Scarlett shrugged. "I know I usually hate to read, but there was such a beautiful atmosphere in that one. You both love to read - you know what I mean. It's a wonderful feeling, being surrounded by so many books."
"Did you find any books in the basement?" I ask.
Scarlett nods. "Yes, there was a whole bunch of them on one side of the room," she says. "I guess they didn't have enough books to fill the other side. Maybe you should go down there sometime - it's quite enchanting."
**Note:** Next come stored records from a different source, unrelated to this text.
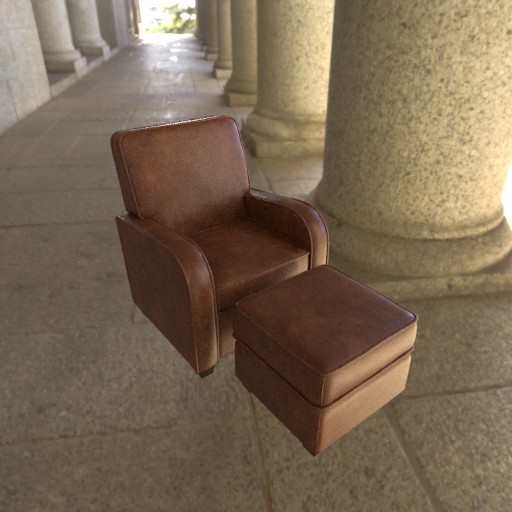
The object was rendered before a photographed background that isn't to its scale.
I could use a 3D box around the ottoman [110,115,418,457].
[{"bbox_3d":[0.000,0.000,1.868,0.732,0.904,1.314,-21,36,-32],"label":"ottoman"}]
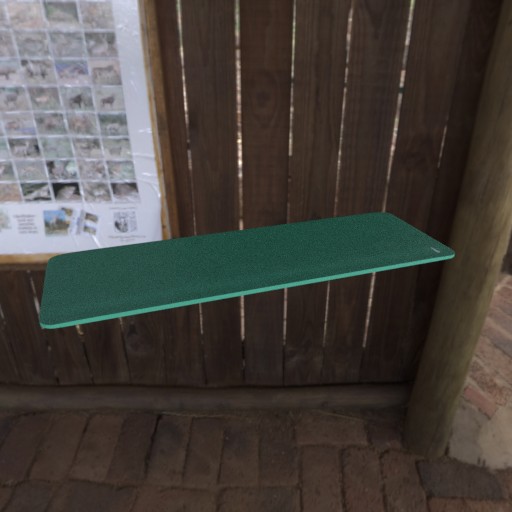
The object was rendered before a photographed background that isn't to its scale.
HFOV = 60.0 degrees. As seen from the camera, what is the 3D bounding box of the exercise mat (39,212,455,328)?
[{"bbox_3d":[0.000,0.000,2.114,1.869,0.021,0.616,-9,27,-17],"label":"exercise mat"}]
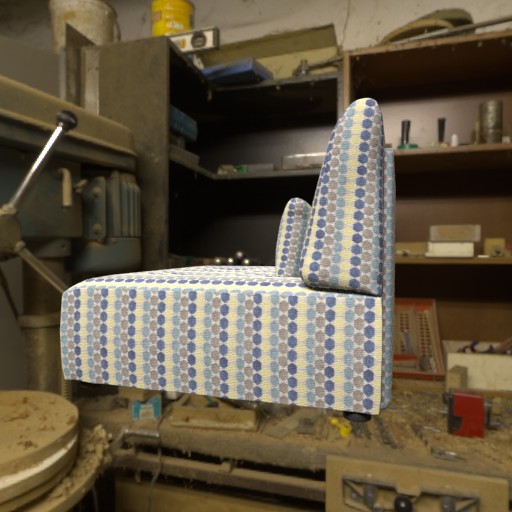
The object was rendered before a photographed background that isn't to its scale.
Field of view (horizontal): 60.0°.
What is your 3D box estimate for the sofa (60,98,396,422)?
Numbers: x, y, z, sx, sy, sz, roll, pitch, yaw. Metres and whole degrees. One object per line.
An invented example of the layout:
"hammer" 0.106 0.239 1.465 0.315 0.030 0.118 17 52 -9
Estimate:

"Yeah, maybe we should," I say. Part of me is curious as to what exactly Scarlett saw. The other part is afraid - what made her scream?
I shake my head. Maybe I'm losing my mind. Maybe Scarlett didn't scream. But then, why did Ro hear her, too?
Ro and I let Scarlett walk ahead of us. I whisper in Ro's ear, "Am I losing my mind? Didn't we both hear her scream?"
"Yeah," Ro says. "But maybe she did scream, and she's just embarrassed of it. Maybe nothing happened at all." Ro holds her head high, and I'm quite ashamed. She's probably right. How embarrassing! I can't believe I allowed myself to wear my worries on my sleeve. I silently vow to never, ever let it happen again.
Scarlett glances behind her. "Come on, guys!" she exclaims. "There's so much more to see!"
Ro's probably right. I set my shoulders back and try my best to shove thoughts of the day's happenings out of my mind.